SC4S parsers

Prerequisites

Before reading this section, make sure you are familiar with Sources.

This and subsequent sections describe how to create new parsers. SC4S parsers perform operations that would normally be performed during index time, including line-breaking, source and sourcetype setting. You can write your own parser if the parsers available in the SC4S package do not meet your needs or you want to add support for a new sourcetype.

Before you start

• Make sure you have read our contribution standards.
• Obtain a raw log message that you want to parse. If you do not know how to do it, refer to Obtain raw message events.
• Prepare your testing environment. With Python>=3.11.0:

pip3 install poetry
poetry install

Parsers

Naming conventions and project structure

Parsers are .conf files with the naming convention: app-type-vendor_product.conf. Parsers that are part of the repository can be found at package/etc/conf.d/conflib or package/lite/etc/addons for Lite package.

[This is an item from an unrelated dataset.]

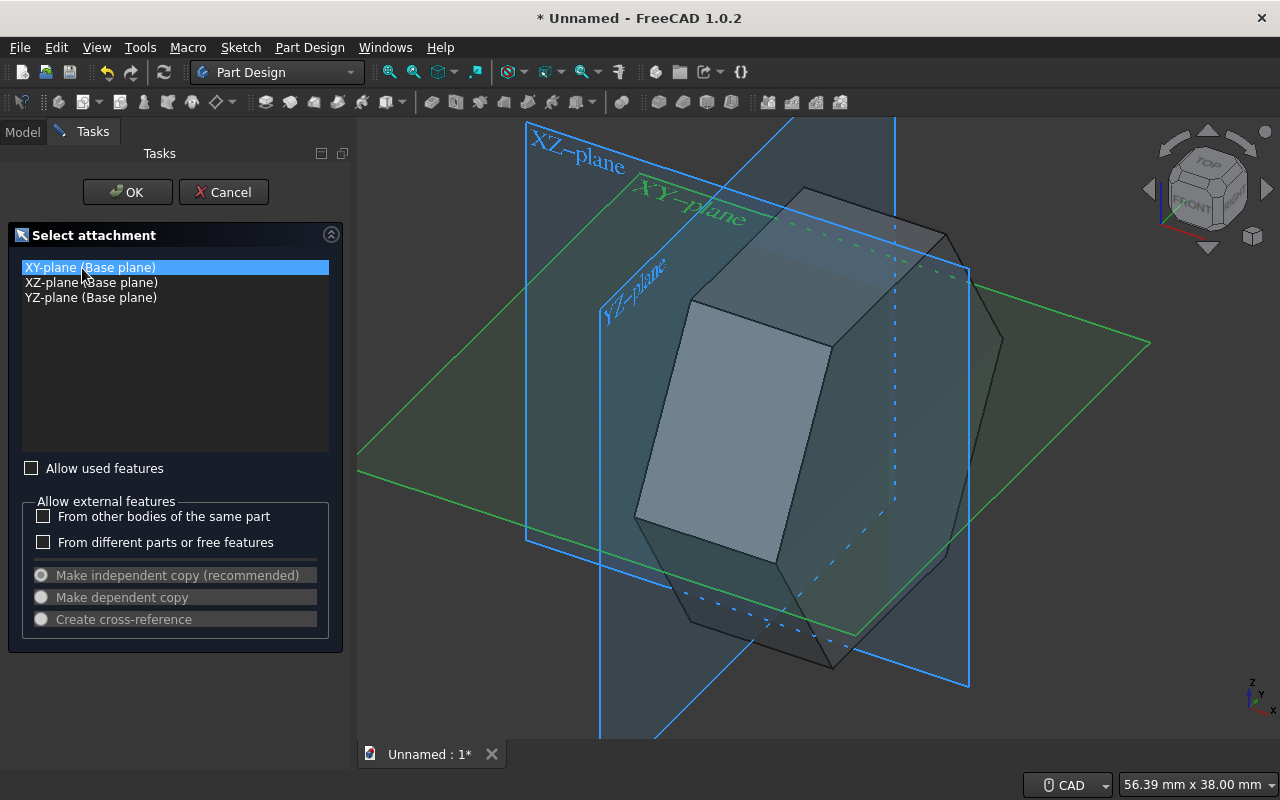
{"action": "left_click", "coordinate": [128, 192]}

Remember that adding your parser to the main or lite package in the repo requires building a new image for it to become available to your SC4S instance. If you want to add locally new parser, you can add it to /opt/sc4s/local directory on your existing SC4S installation.

Parser structure

The SC4S parser consists of application and block parser blocks. The application part uses filter clause to specify what logs will be parsed by the block parser block. Example of such parser is shown below:

block parser app-syslog-vmware_cb-protect() {
    channel {
        rewrite {
            r_set_splunk_dest_default(
                index("epintel")
                sourcetype('vmware:cb:protect')
                vendor("vmware")
                product("cb-protect")
                template("t_msg_only")
            );
        };
    };
};
application app-syslog-vmware_cb-protect[sc4s-syslog] {
    filter {
        message('Carbon Black App Control event:  '  type(string)  flags(prefix));
    };  
    parser { app-syslog-vmware_cb-protect(); };
};

Note

If you find a similar parser in SC4S, you can use it as a reference. In the parser, make sure you assign the proper sourcetype, index, vendor, product, and template. The template shows how your message should be parsed before sending them to Splunk.

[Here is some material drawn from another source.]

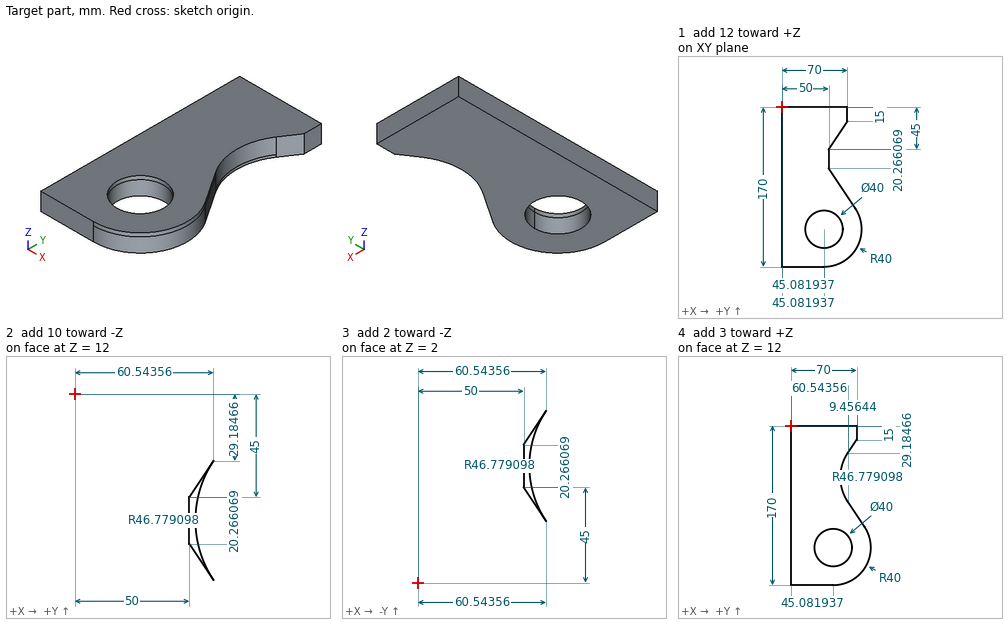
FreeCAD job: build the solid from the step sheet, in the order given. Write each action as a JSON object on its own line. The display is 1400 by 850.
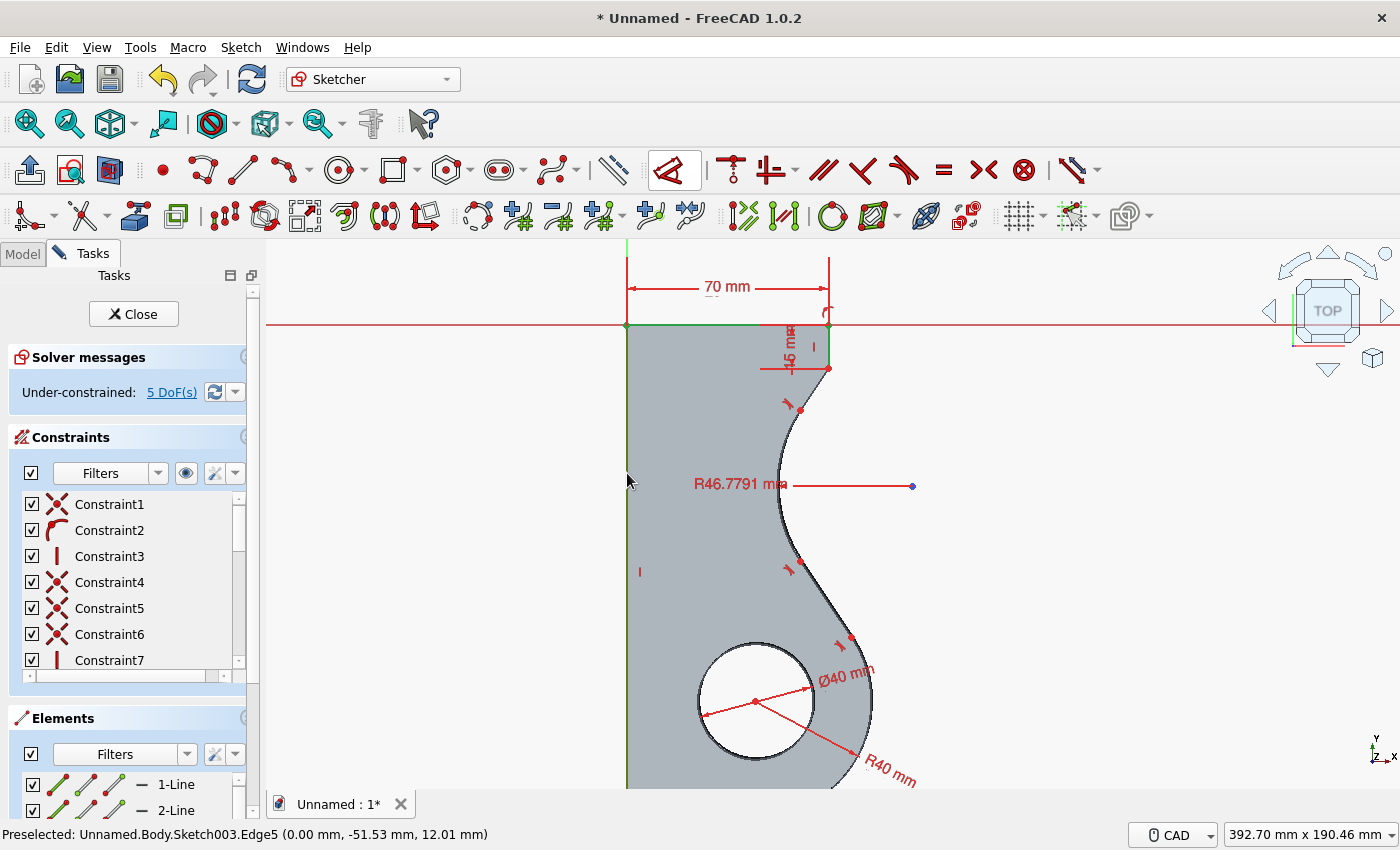
{"action": "key", "text": "i"}

The application filter will match all messages that start with the string Carbon Black App Control event:, and those events will be parsed by block parser app-syslog-vmware_cb-protect(). This parser then will route the message to index: epintel, set the sourcetype, source, vendor and product fields, and use the specified template.

To learn more about creating filters and parse blocks see pages: Filter Messages and Parse Messages.

Adding parser to SC4S Lite package

For SC4S lite, parsers are grouped into addons. Create a folder (if it does not already exist) in package/lite/etc/addons with the name of vendor. In this folder, also create an addon_metadata.yaml file with vendor name:

---
name: "<vendor_name>"

Lastly, add this addon to package/lite/etc/config.yaml.